Oliver Kahn looked back on his first season as CEO at FC Bayern Munich, took stock and provided an outlook.

“These first two years at Bayern were tough for me, quite a steel bath,” Kahn wrote in a detailed post on LinkedIn, looking back on his return to Bayern 2020 as a member of the board, whose boss he will be in 2021 as successor to Karl-Heinz Rummenigge became.

Kahn assesses the past season as mostly positive, calling winning the tenth championship in a row “something monumental”.

“Becoming champions ten times in a row, as the first team in the top 5 European leagues – you can only do that with a very exceptional generation of players,” wrote the 52-year-old.

Kahn: Champions League still a nuisance

In the Bundesliga, FC Bayern “delivered close to the optimum”, but Kahn was negative about the failures in the DFB Cup, in which they lost 5-0 to Gladbach in round two, and in the Champions League, where outsiders FC Villarreal ended up was in the quarterfinals, on.

“If I sit on the couch in front of the TV in a Champions League semi-final, I could climb the walls,” wrote Kahn, who is certain, “that our players and our coach Julian Nagelsmann have saved these experiences in such a way that we Something like this shouldn’t happen again – and won’t.”

Kahn: “Management mainly takes place internally”

With regard to his own work, Kahn admits a learning process: “In my first season as CEO, however, I also learned that it is of great importance for the public that the people involved at FC Bayern are present in the public eye – and that is permanently present.

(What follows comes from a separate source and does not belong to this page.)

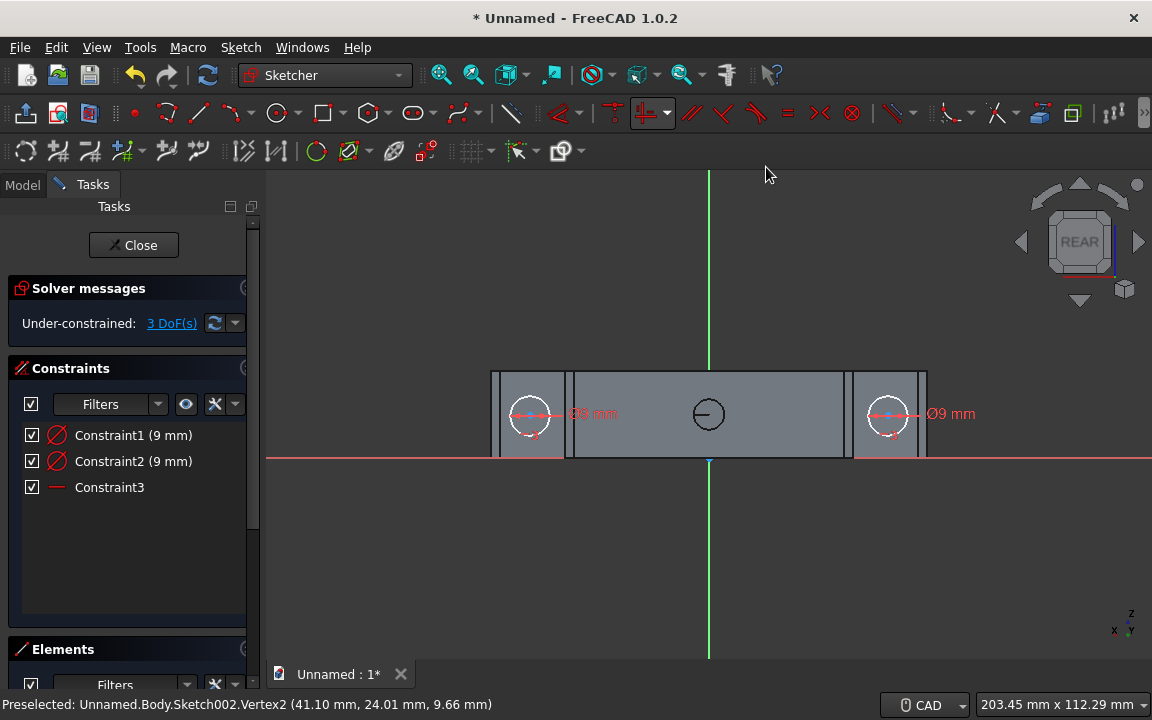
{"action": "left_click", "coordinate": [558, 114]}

Because that creates identity.”

He himself does not necessarily understand presence and volume as leadership strength. “I think I have a sense of when to have an outward presence and when not to,” Kahn wrote. “For me, leadership is mainly internal. The people at the club have to know what our goals are for the future and how we want to achieve them.”

Kahn: “Football in general is changing”

And the goals are clearly defined: “We want to offer our fans attractive, emotional and successful football – preferably with the maximum number of titles.”

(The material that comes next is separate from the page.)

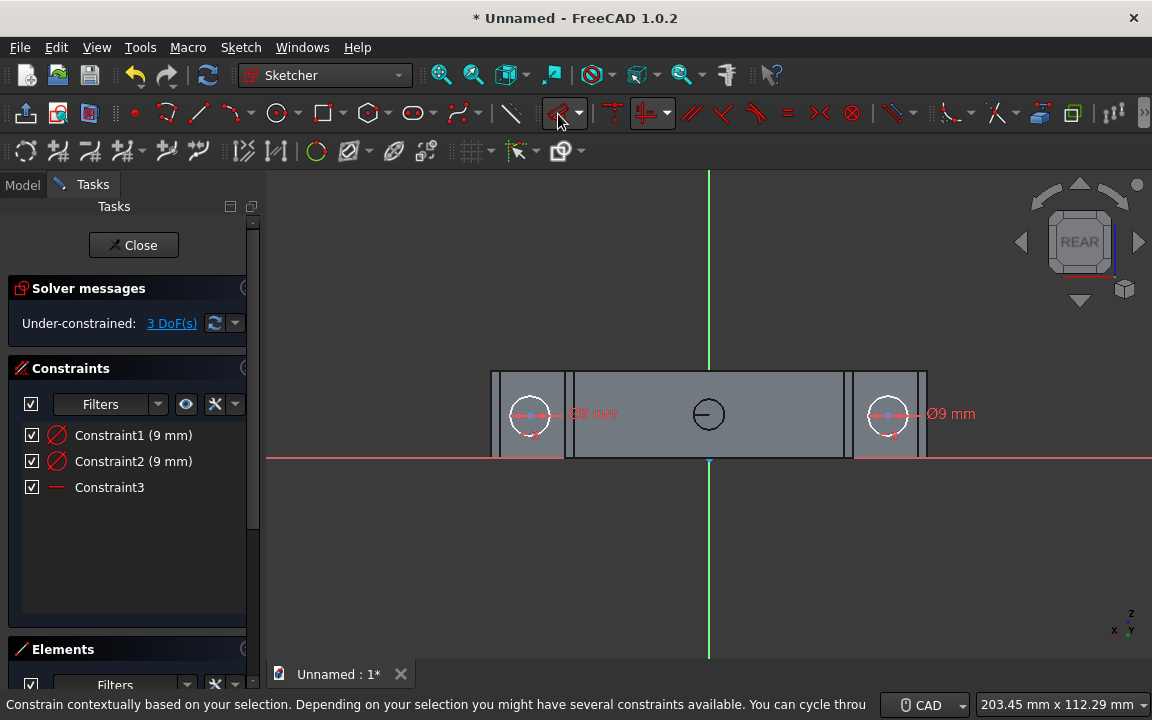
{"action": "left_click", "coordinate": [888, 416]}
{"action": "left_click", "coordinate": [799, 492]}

In the past two years, Kahn has learned that the conditions are not easy: “The pandemic began when I joined the board, the consequences will keep us busy for some time, and football in general is changing with all the people professionalizing investor clubs, a new Champions League format from 2024 and the Financial Sustainability Regulations, the further development of financial fair play.”

From 1994 to 2008, Kahn played over 600 competitive games for FC Bayern and won the German championship eight times, the DFB Cup six times and the Champions League in 2001 with the Munich team.